Six times over the past 12 years in opposition, the NDP introduced a model bill on reforming campaign financing to get big union and corporate money out of B.C. politics.
Even in a world where you can’t take anything for granted, voters could be forgiven for assuming that if the NDP ever gained power, their campaign-finance reform would look something like what they introduced over and over again when they were out of power.
But this week, they introduced campaign-finance reform for the seventh time. This time it counted, since they’re in government. And the bill is vastly different from what they’ve been trotting out in the past.
It includes two different public-financing mechanisms, under which taxpayers will be automatically funding political parties to the tune of millions of dollars. One of the funding streams is “transitional” and Premier John Horgan is assuring everyone it will phase out — “disappear” — after four years. But that is far from clear in the bill, which calls for committee study after one term that could easily make it permanent.
And the rest of the cash flow is a locked-in commitment under which taxpayers will pay 50 per cent of parties’ election campaign expenses. There’s nothing transitional about it.
None of the previous bills spelled out that public money would simply replace union and corporate money. In fact, the opposite impression was left.
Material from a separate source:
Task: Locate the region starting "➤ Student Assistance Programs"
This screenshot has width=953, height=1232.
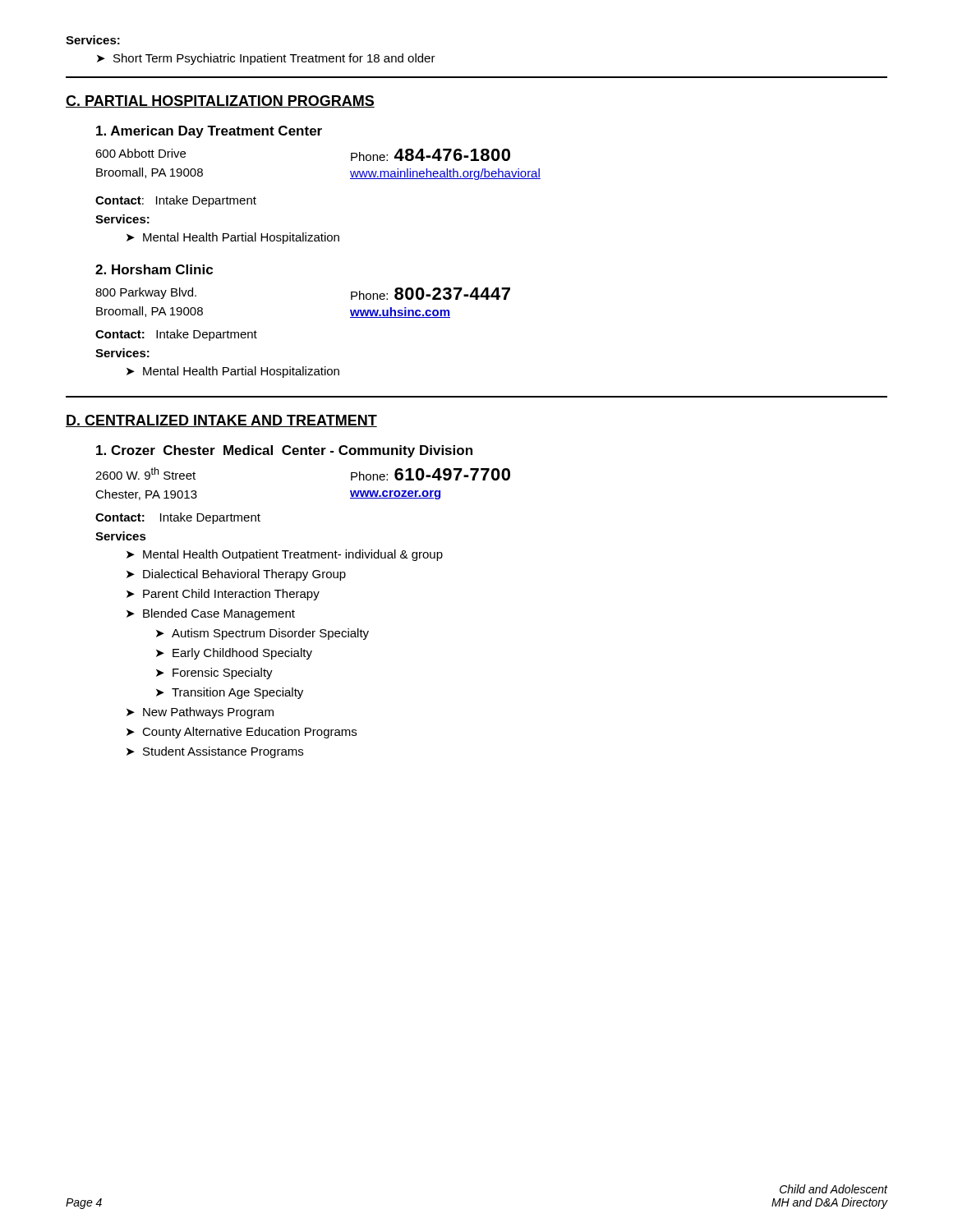Action: click(214, 752)

Skeptics continually raised the idea that it was likely or possible, and the NDP cavalierly brushed that aside.
The other major departure is just a process issue, but still significant. All the previous bills had a detailed outline of how an independent panel of some sort would review election financing in general once the big money was abolished. The bills required the chief electoral officer to start a comprehensive review right after the law took effect, to study financing, election advertising, donor limits “and any other relevant consideration.”
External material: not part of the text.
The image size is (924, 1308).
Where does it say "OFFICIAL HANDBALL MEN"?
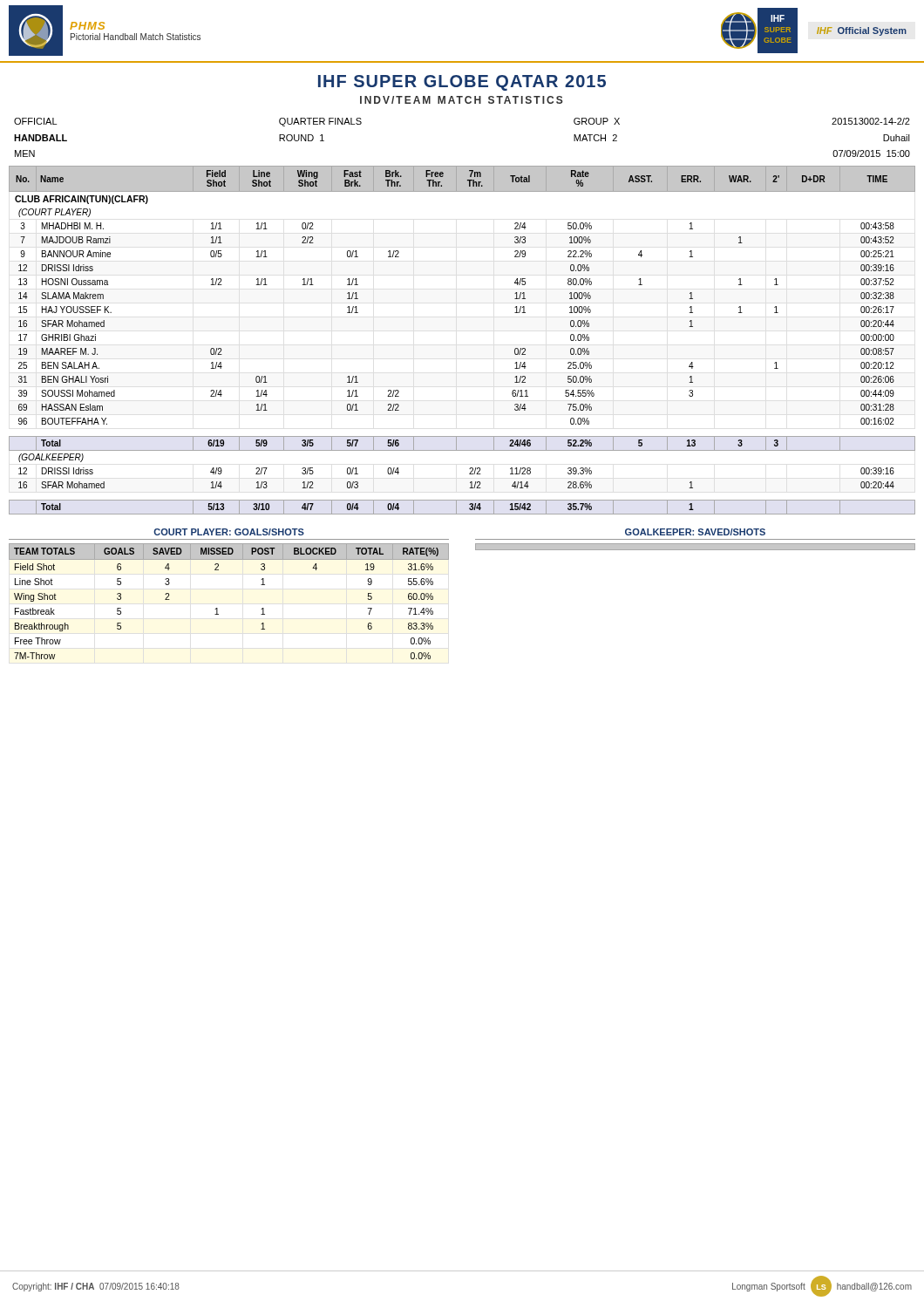coord(41,138)

That independent study was often used to deflect the questions about whether taxpayers would wind up being on the hook for political-party operations. The stance was: We’ll ban big money, and then have a review recommend other refinements.
But in Monday’s bill, just as public financing was slammed into effect with no advance notice, the independent review abruptly vanished without a trace.
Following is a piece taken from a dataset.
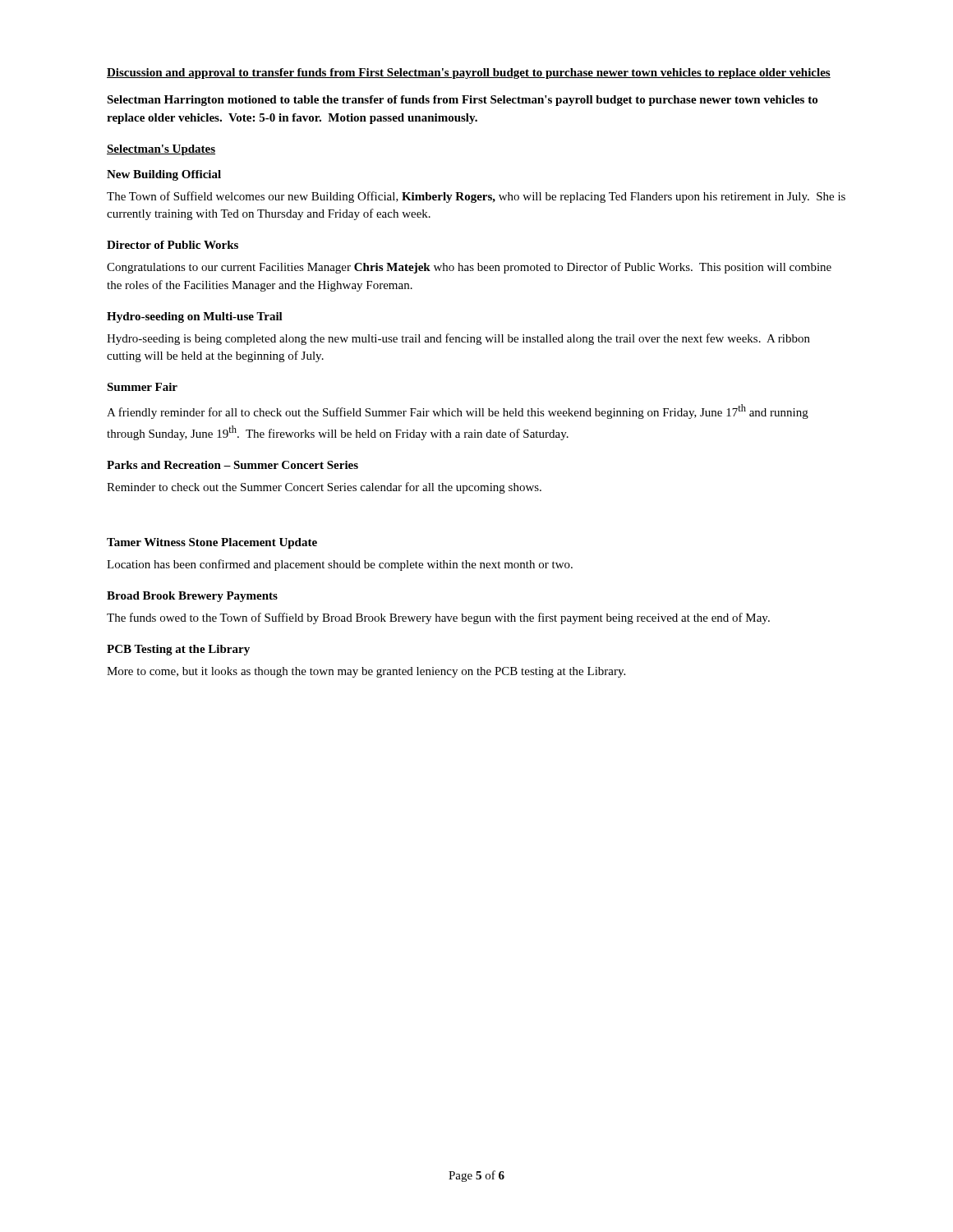Locate the block of text that opens with "Congratulations to our current Facilities"

pos(476,277)

If the bill really is “the most significant legislation we’ve seen in B.C. since 1871,” as the over-heated premier claimed, you’d think there would be room for a independent review of the topic.
Legislation that relates to the nuts and bolts of the democratic system should have some impartial oversight, and there are always cautions about a government imposing its will unilaterally on such fundamental changes.
Those worries seem to have vanished. The NDP is imposing a done deal, and it’s different from the deal they promised for years.
The unpleasant surprises are getting a lot of attention, but the year-in, year-out introduction of the old version of campaign finance reform — now inoperative — deserves to be recalled.
They were introduced in 2005, 2008, 2010, 2015, 2016 and again last winter.
In January, the NDP laid them all together on a table at a news conference to highlight their persistence and devotion to the reform. The photo-op also left the impression that the bill was more or less a finished product, since all the versions were almost identical. (One difference is intriguing in retrospect. The last version, renamed the Get Big Money Out of Politics Act, dropped a reference to the future independent panel considering public financing as an option. That led people even further away from what happened this week.)
At that photo-op, then Opposition Leader John Horgan was asked if public financing wasn’t inevitable.
He disagreed, saying other systems do without it. “We need to take this away from government members.” He said Elections B.C. and prominent people could review the international landscape and come back with the best answer.
Instead, the NDP likely reviewed their own bank account and realized they can’t quit taking union donations cold turkey, so they wrote in two public funding streams to tide them over. It would be marginally easier to take if they hadn’t been so dismissive of people who predicted this is exactly what would happen.